BIPAI Mission Continues as Co-Founder Retires from Texas Children’s Hospital
After almost 25 years of service and dedication, Texas Children’s Hospital and Baylor College of Medicine announced that Nancy Calles, MSN, R.N., PNP, ACRN, MPH, will be retiring from her position at the hospital, but will continue managing the research for the Baylor International Pediatric AIDS Initiative at Texas Children’s (BIPAI) on a part-time basis.
A pediatric nurse is someone formally educated and trained in the care of sick children. Calles studied to become a pediatric nurse, but took the definition to an entirely new level. She joined Texas Children’s as a staff nurse in the pediatric HIV/AIDS program in July 1990. At the time that Calles joined Texas Children’s, the program was evaluating one or two newly HIV-infected infants and children each week. Without effective therapy, most were destined to lives of suffering and early death. Calles knew something needed to change in order to alter the destiny of children impacted by HIV/AIDS.

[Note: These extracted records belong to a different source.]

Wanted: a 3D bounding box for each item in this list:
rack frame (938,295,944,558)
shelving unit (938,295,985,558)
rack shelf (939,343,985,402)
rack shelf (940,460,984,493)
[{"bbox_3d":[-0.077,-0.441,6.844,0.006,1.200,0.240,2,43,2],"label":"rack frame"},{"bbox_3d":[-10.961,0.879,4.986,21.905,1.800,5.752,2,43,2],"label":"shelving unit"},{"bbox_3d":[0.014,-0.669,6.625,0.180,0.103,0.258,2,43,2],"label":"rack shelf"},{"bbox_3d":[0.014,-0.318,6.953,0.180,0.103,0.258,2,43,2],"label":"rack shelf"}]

When the opportunity presented itself, Calles filled an open research nurse role in the HIV/AIDS program at Texas Children’s and coordinated a number of local and national studies that advanced the treatment of HIV infected children. She, along with many others, helped transform the disease from one that was associated almost invariably with death to one that could be chronically manageable with medications. Children began living instead of dying. She and the team at Texas Children’s also helped demonstrate that antiretroviral medicines given to pregnant HIV-infected women could prevent transmission of the virus to their fetuses. Calles helped changed the destiny of many children with HIV/AIDS.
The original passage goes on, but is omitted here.